Understanding why $\det(A) = \det(A^T)$ via the 3D Paralleliped

Question

I am trying to understand why, geometrically, we have that

$$ \det(A) = \det(A^T). $$

To build intuition, I am thinking in 3 dimensions. So let $A$ be a $3 \times 3$ matrix of real numbers.

First, I know that if

$$ \det(A) = \left| \begin{array} xx_1 & y_1 & z_1 \\ x_2 & y_2 & z_2 \\ x_3 & y_3 & z_3 \end{array} \right| $$

then $|\det(A)|$ can be thought of as the area of a parallelepiped formed by $(x_1, x_2, x_3)$, $(y_1, y_2, y_3)$, and $(z_1, z_2, z_3)$.

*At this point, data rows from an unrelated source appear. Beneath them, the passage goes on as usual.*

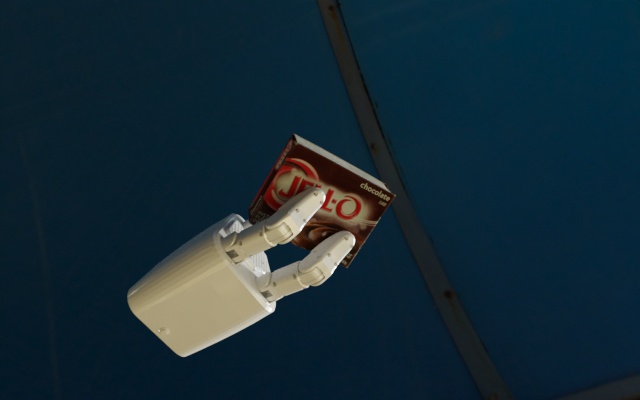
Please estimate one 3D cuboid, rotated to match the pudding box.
[{"bbox_3d":[0.000,0.001,0.460,0.113,0.090,0.039,26,19,-19],"label":"pudding box"}]
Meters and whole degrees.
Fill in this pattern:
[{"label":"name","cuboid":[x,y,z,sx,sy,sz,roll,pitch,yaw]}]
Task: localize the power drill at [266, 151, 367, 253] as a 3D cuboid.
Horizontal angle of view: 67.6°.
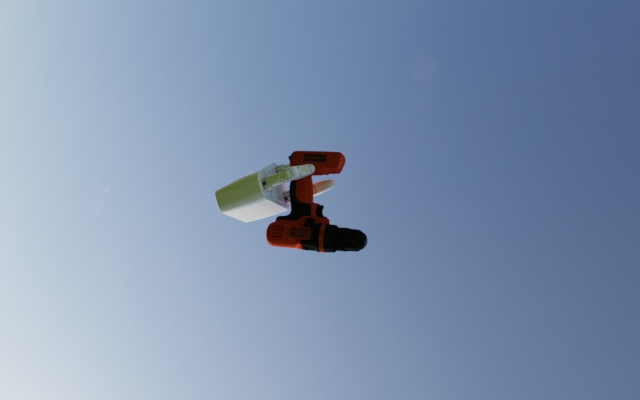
[{"label":"power drill","cuboid":[0.000,0.002,0.879,0.184,0.187,0.057,4,-20,10]}]
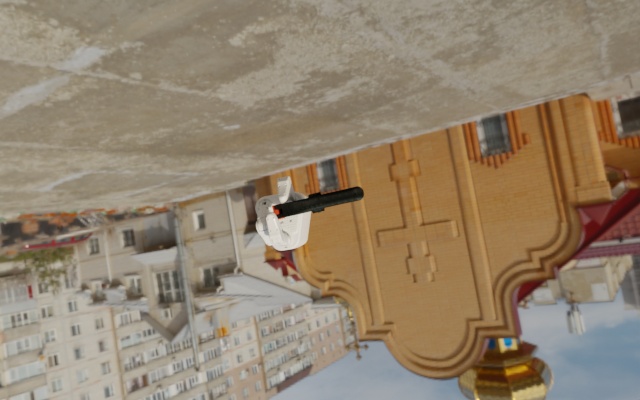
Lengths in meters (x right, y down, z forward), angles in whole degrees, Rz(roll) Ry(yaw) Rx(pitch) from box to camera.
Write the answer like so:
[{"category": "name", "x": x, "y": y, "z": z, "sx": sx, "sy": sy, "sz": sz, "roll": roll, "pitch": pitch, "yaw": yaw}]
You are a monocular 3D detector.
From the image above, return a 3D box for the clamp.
[{"category": "clamp", "x": 0.000, "y": 0.004, "z": 0.882, "sx": 0.171, "sy": 0.039, "sz": 0.120, "roll": -11, "pitch": -6, "yaw": 10}]
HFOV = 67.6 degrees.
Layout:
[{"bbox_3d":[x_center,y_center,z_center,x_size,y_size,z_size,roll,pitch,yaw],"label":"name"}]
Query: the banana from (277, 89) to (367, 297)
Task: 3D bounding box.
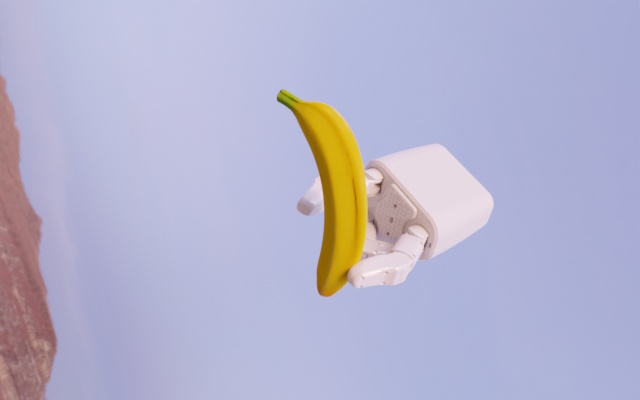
[{"bbox_3d":[0.011,0.000,0.414,0.037,0.198,0.069,-22,20,-35],"label":"banana"}]
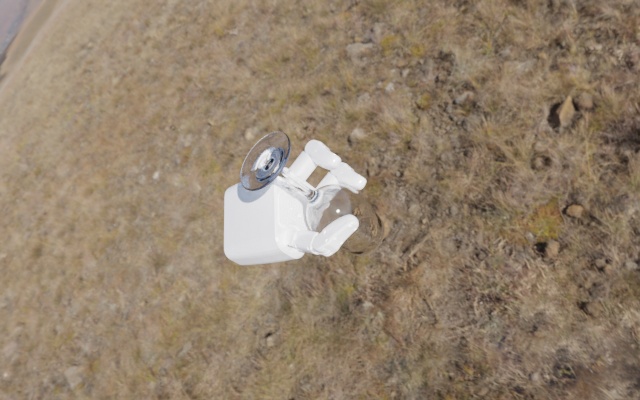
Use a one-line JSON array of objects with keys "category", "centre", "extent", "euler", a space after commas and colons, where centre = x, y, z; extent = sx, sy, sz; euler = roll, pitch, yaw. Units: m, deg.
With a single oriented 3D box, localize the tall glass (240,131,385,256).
[{"category": "tall glass", "centre": [0.000, 0.002, 0.581], "extent": [0.079, 0.079, 0.201], "euler": [0, -27, 44]}]
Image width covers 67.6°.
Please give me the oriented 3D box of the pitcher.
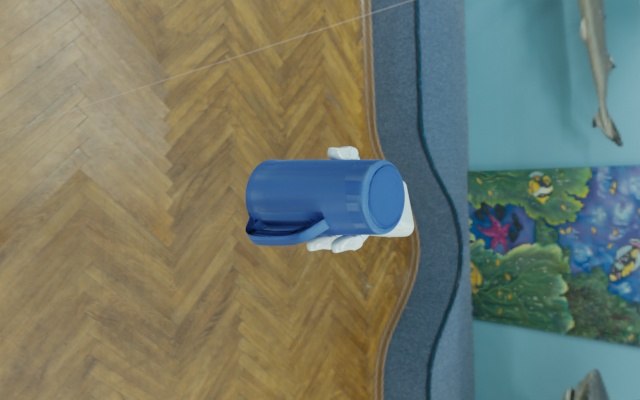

Moreover, the fact that $\det(A) = \det(A^T)$ implies that $|\det(A)|$ can also be thought of as the area of the parallelepiped formed by

$(x_1, y_1, z_1)$, $(x_2, y_2, z_2)$, and $(x_3, y_3, z_3)$.

Question: Does this also mean that the area of a parallelepiped formed by any permutation of the $x_i$, $y_i$, and $z_i$ is equal to $|\det(A)|$? For example, does the area of a parallelepiped formed by the coordinates $(x_1, y_2, z_3)$, $(x_2, y_1, z_2)$, and $(x_3, y_3, z_1)$ equal $|\det(A)$|?

Answer 1

Here is a 2D example.

$$\begin{pmatrix} 2&3\\ 1&4\\ \end{pmatrix} \mapsto_{transpose} \begin{pmatrix} 2&1\\ 3&4\\ \end{pmatrix}$$

I'm still thinking of a satisfying (geometric) explanation as to why this always works, but pictures are always good.

Answer 2

Short answer is no.

For example suppose that $A$ is the identity matrix. The vectors are then $(x_1, y_1, z_1)=(1,0,0)$, $(x_2, y_2, z_2)=(0,1,0)$, and $(x_3,y_3,z_3)=(0,0,1)$. And $\text{det}(A)=1$. However, you could make a permutation $(x_1, y_2, z_3)=(1, 1, 1)$ and $(x_2, y_1, z_1)=(0, 0, 0)$ and $(x_3, y_3, z_2)=(0, 0, 0)$. The volume enclosed by those vectors is certainly not 1--in fact it is $0$.